Standard errors for our estimates are calculated using the Fisher information matrix, where

\[\begin{aligned} \text{E} \left[- \frac{\partial^2}{\partial(\text{vec}\ \boldsymbol{B})^T \partial(\text{vec}\ \boldsymbol{B})} \mathcal{L} \right] &= (\boldsymbol{I}_d \otimes \boldsymbol{X}^T) \boldsymbol{\Omega}^{-1} (\boldsymbol{I}_d \otimes \boldsymbol{X}) \\ \text{E} \left[ - \frac{\partial^2}{\partial (\text{vech}\ \boldsymbol{\Gamma}_i)^T \partial (\text{vec}\ \boldsymbol{B})} \mathcal{L} \right] &= \boldsymbol{0} \\ \text{E} \left[ - \frac{\partial^2}{\partial (\text{vech}\ \boldsymbol{\Gamma}_j)^T \partial (\text{vech}\ \boldsymbol{\Gamma}_i)} \mathcal{L} \right] &= \frac{1}{2} \boldsymbol{U}_i^T (\boldsymbol{\Omega}^{-1} \otimes \boldsymbol{\Omega}^{-1}) \boldsymbol{U}_j \end{aligned}\]

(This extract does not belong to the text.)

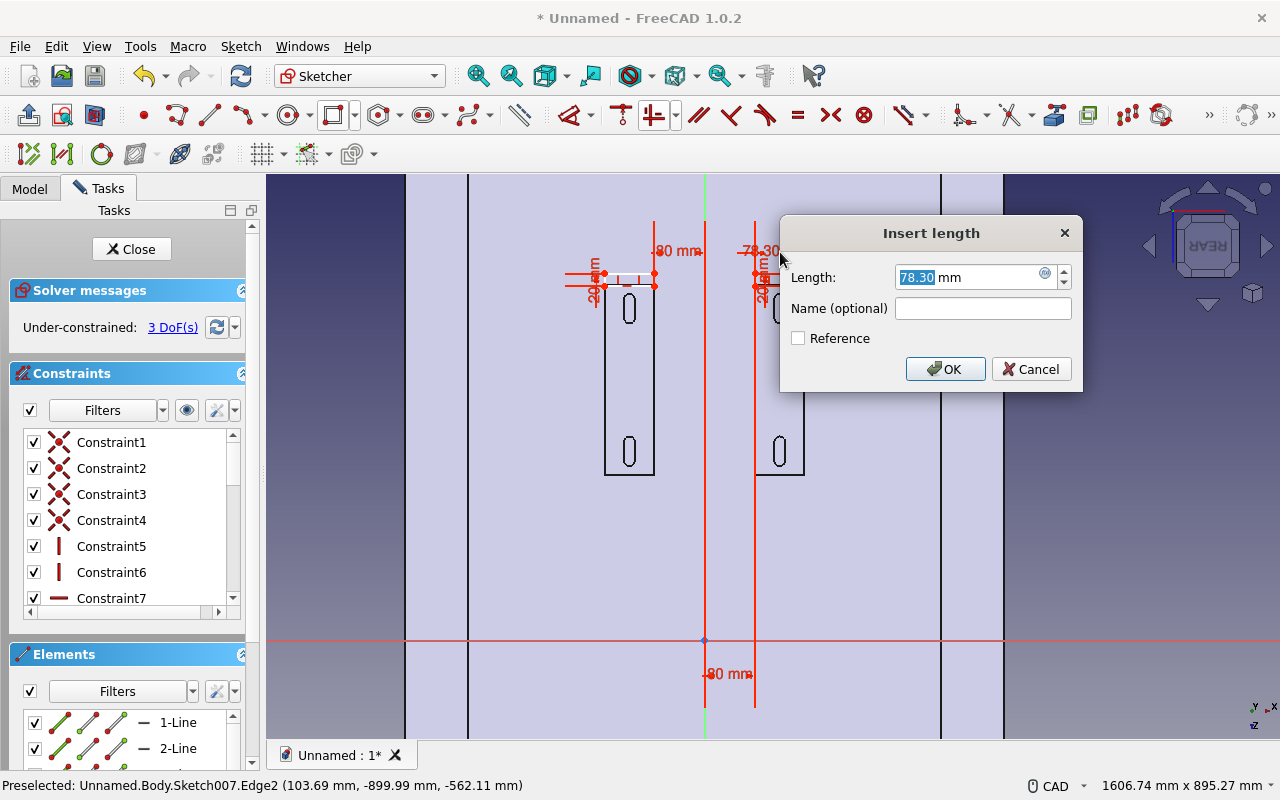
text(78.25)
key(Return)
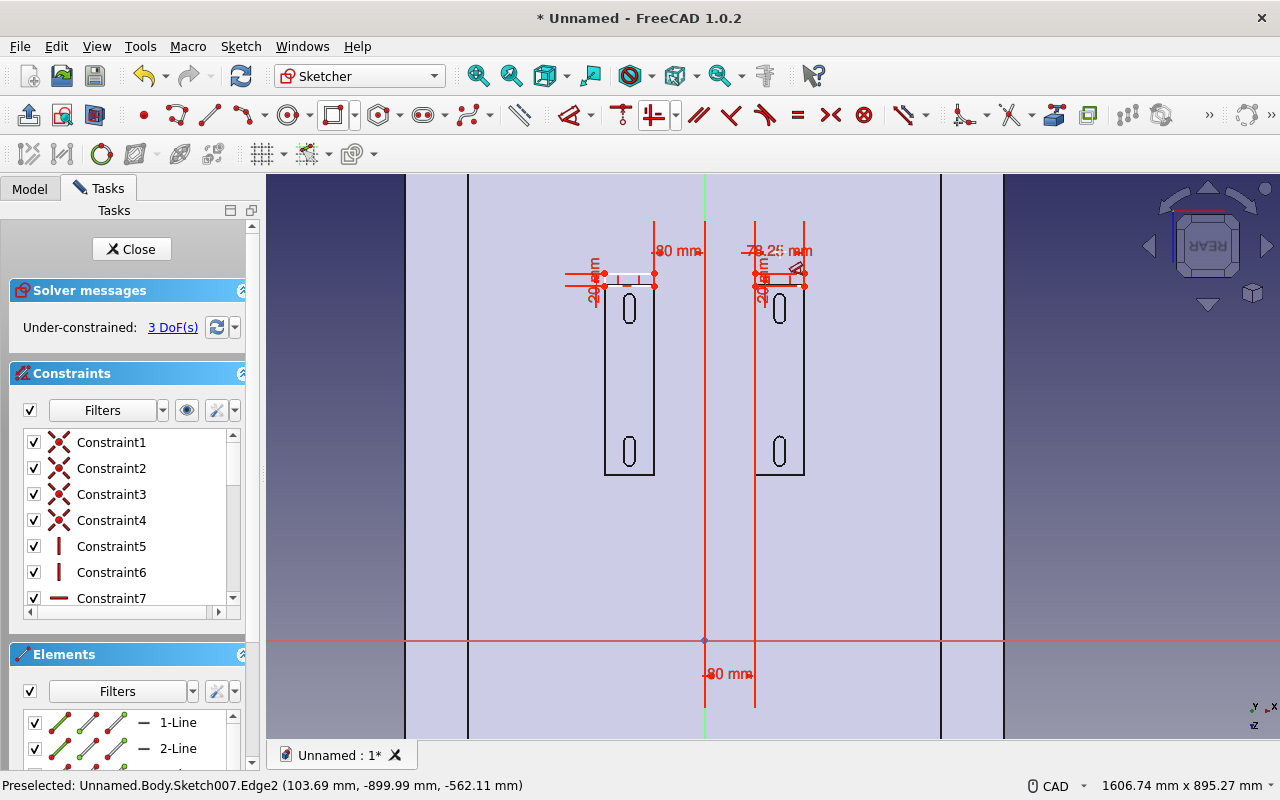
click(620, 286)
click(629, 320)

and $\boldsymbol{U}_i = (\boldsymbol{I}_d \otimes \boldsymbol{K}_{nd} \otimes \boldsymbol{I}_n) (\boldsymbol{I}_{d^2} \otimes \text{vec}\ \boldsymbol{V}_i) \boldsymbol{D}_{d}$. Here, $\boldsymbol{K}_{nd}$ is the $nd \times nd$ commutation matrix and $\boldsymbol{D}_{d}$ the $d^2 \times \frac{d(d+1)}{2}$ duplication matrix. $\text{vech}\ \boldsymbol{\Gamma}_i$ creates an $\frac{d(d+1)}{2} \times 1$ vector from $\boldsymbol{\Gamma}_i$ by stacking its lower triangular part.

Special case: missing response

In the setting of missing response, the adjusted MM updates in each interation are

\[\begin{aligned} \text{vec}\ \boldsymbol{B}^{(t)} &= [(\boldsymbol{I}_d \otimes \boldsymbol{X}^T) \boldsymbol{\Omega}^{-(t)} (\boldsymbol{I}_d \otimes \boldsymbol{X})]^{-1} (\boldsymbol{I}_d \otimes \boldsymbol{X}^T) \boldsymbol{\Omega}^{-(t)} \text{vec}\ \boldsymbol{Z}^{(t)} \\ \boldsymbol{\Gamma}_i^{(t + 1)} &= \boldsymbol{L}_i^{-(t)T}[\boldsymbol{L}_i^{(t)T}\boldsymbol{\Gamma}_i^{(t)}(\boldsymbol{R}^{*(t)T}\boldsymbol{V}_i\boldsymbol{R}^{*(t)} + \boldsymbol{M}_i^{*(t)})\boldsymbol{\Gamma}_i^{(t)}\boldsymbol{L}_i^{(t)}]^{1/2} \boldsymbol{L}_i^{-(t)}, \end{aligned}\]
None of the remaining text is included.